Pediatric Use In clinical studies, colistimethate sodium was administered to the pediatric population (neonates, infants, children and adolescents). Although adverse reactions appear to be similar in the adult and pediatric populations, subjective symptoms of toxicity may not be reported by pediatric patients. Close clinical monitoring of pediatric patients is recommended.

The use of Coly-Mycin M Parenteral is contraindicated for patients with a history of sensitivity to the drug or any of its components.

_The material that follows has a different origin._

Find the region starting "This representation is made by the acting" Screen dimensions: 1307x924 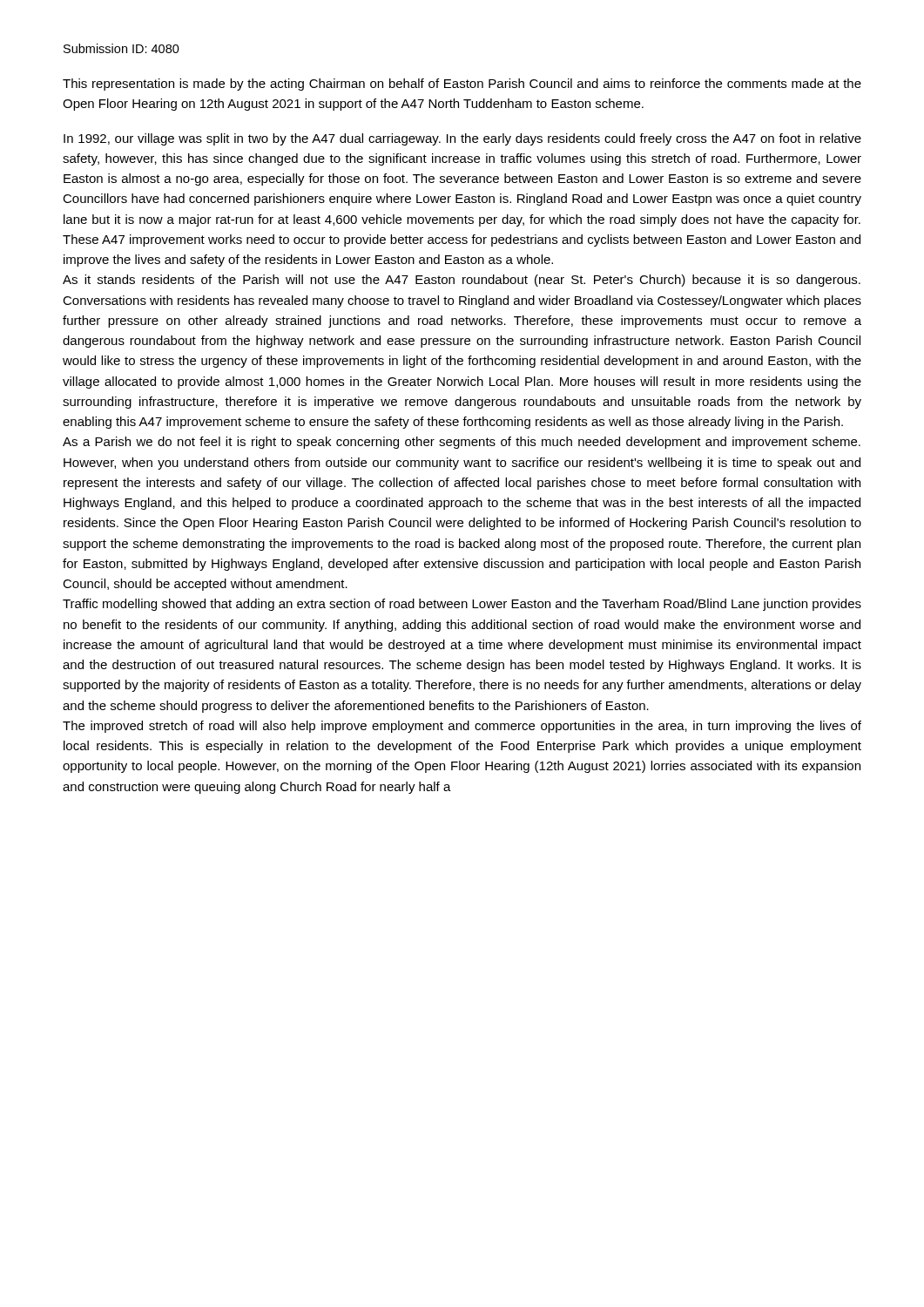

Overdosage with colistimethate sodium can cause neuromuscular blockade characterized by paresthesia, lethargy, confusion, dizziness, ataxia, nystagmus, disorders of speech and apnea. Respiratory muscle paralysis may lead to apnea, respiratory arrest and death. Overdosage with the drug can also cause acute renal failure, manifested as decreased urine output and increases in serum concentrations of BUN and creatinine.

As in any case of overdose, colistimethate sodium therapy should be discontinued and general supportive measures should be utilized. It is unknown whether colistimethate sodium can be removed by hemodialysis or peritoneal dialysis in overdose cases.